= Prison newspaper =

Newspaper created for or printed by incarcerated people

Prison newspapers are newspapers created within a prison, typically by the incarcerated people living there.

==History==
The first prison newspaper is believed to have appeared in the 19th century in a debtors' prison. Prison reformers in the US created a prison newspaper at the Elmira Reformatory in 1883. It was "carefully assembled not to include items that officials deemed to have a bad influence on the inmates" and was instead intended for rehabilitative purposes. The first inmate-driven paper was created at the Minnesota Correctional Facility in 1887.

A 1935 study, the first on the topic, found that almost half of US prisons had a prison newspaper. The genre reached its height in the 1960s in the United States, at which point circulation was approximately 2 million readers across 250 publications.During this period "active and alert prison reporting" became more common, with inmates highlighting problems within the prison system. The "Pulitzers of prison journalism", the Penal Press Awards, were awarded annually beginning in 1965.

However, they faced issues around freedom of the press, as critiques of prison practices were met with institutional censorship.In 1974, in the US Supreme Court case of Pell v. Procunier, the court ruled to uphold a California state restriction against prison inmates being interviewed face-to-face by the press. Journalists and inmates had contended that this restriction violated the First Amendment. This ruling "largely replaced" earlier precedents supportive of prison reporting; subsequent court decisions also held that "the prison's security interests trumped the free speech rights of inmates" and that prisons could entirely forbid prison newspapers. Similar patterns and tensions emerged in other parts of the world, such as Canada.
These pressures resulted in a quick and significant decline in the number of prison newspapers in publication between the 1970s and 1990s, with just six operating in 1998. However, more recently, "alongside a surge in bipartisan interest in criminal justice reform, prison journalism has reemerged and garnered the attention and support of funders, politicians, and the public". As of 2023 there are an estimated 24 prison newspapers in the US.

==Reporting==
Early prison newspapers were typically "devoted to inmate activities: sports events, movies and other entertainment, personal items, blood banks, school and organizational activities, hobbies, and the like". Humour was also often featured. Sports remain a popular topic of reporting. Depending on the level of censorship at a particular institution, such papers may carry stories critical of the prison administration. With the modern aging prison population in the US, obituaries have also become a feature.

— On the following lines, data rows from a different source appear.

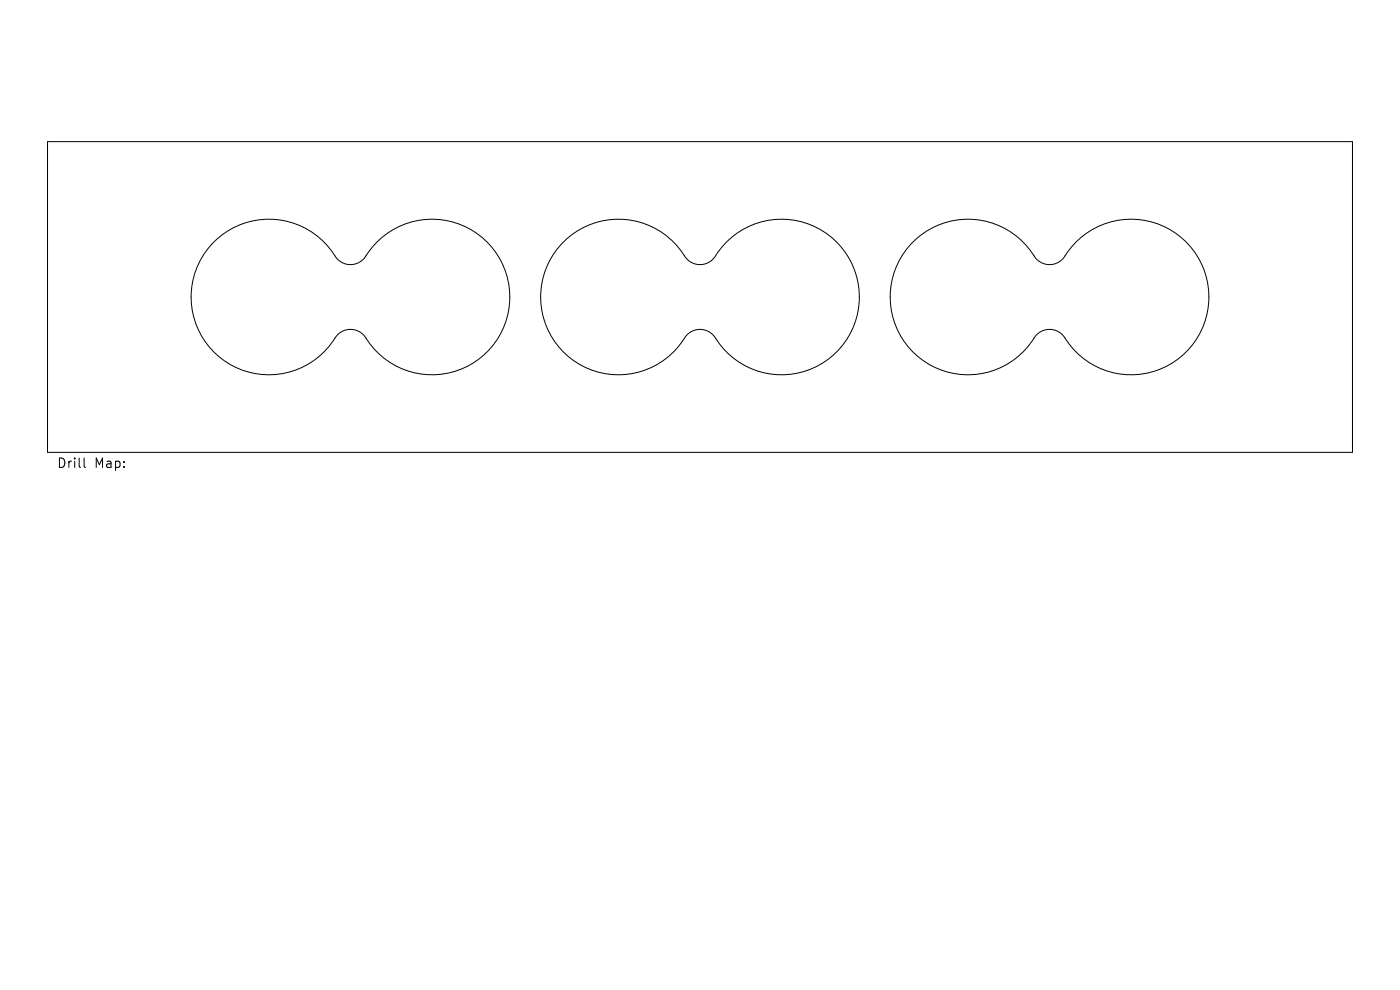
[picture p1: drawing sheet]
<svg xmlns="http://www.w3.org/2000/svg" width="297mm" height="210mm" viewBox="0 0 297 210" stroke-linecap="round" stroke-linejoin="round" font-family="sans-serif">
<defs><g id="words">
<g font-size="2.8">
<text x="12" y="99.5">Drill</text>
<text x="20" y="99.5">Map:</text>
</g>
</g></defs>
<path d="M10.1 30h276.8v66h-276.8zM45 51.7a16.6 16.6 0 0 1 26.4 3.1 4 4 0 0 0 6.7-1.3 16.5 16.5 0 0 1 24.9-2.4 16.5 16.5 0 0 1-1.2 25 16.5 16.5 0 0 1-24.5-4.9 4 4 0 0 0-6.7 1.3 16.5 16.5 0 0 1-23.9 3.3 16.5 16.5 0 0 1-1.7-24.1zM119.1 51.7a16.6 16.6 0 0 1 26.5 3.1 4 4 0 0 0 6.7-1.3 16.5 16.5 0 0 1 24.9-2.4 16.5 16.5 0 0 1-1.3 25 16.5 16.5 0 0 1-24.5-4.9 4 4 0 0 0-6.7 1.3 16.5 16.5 0 0 1-23.9 3.3 16.5 16.5 0 0 1-1.7-24.1zM193.3 51.7a16.6 16.6 0 0 1 26.5 3.1 4 4 0 0 0 6.6-1.3 16.5 16.5 0 0 1 24.9-2.4 16.5 16.5 0 0 1-1.2 25 16.5 16.5 0 0 1-24.5-4.9 4 4 0 0 0-6.7 1.3 16.5 16.5 0 0 1-23.9 3.3 16.5 16.5 0 0 1-1.7-24.1zM17.8 97.2v1.7l.3 .3" fill="none" stroke="#000" stroke-width=".21"/>
<use href="#words"/>
</svg>

Challenges within the prison system, including potential reprisals against prison journalists, complicate reporting. The US Federal Bureau of Prisons has an explicit ban on journalism by inmates, while most US states have restrictions that negatively impact journalism from within jails.
==Notable examples==
- Forlorn Hope was the first prison newspaper in the US, created in 1800.
- The Prison Mirror, first published in 1887, is the oldest continuously operating prison newspaper.
- The Angolite, the prison newspaper of the Louisiana State Penitentiary, has won numerous journalism awards including the George Polk Award and a nomination for a National Magazine Award.
- The San Quentin News from San Quentin State Prison is the subject of a 2020 book by journalism professor William J. Drummond.
- The Prison Journalism Project maintains a partial directory of active prison newspapers in the United States.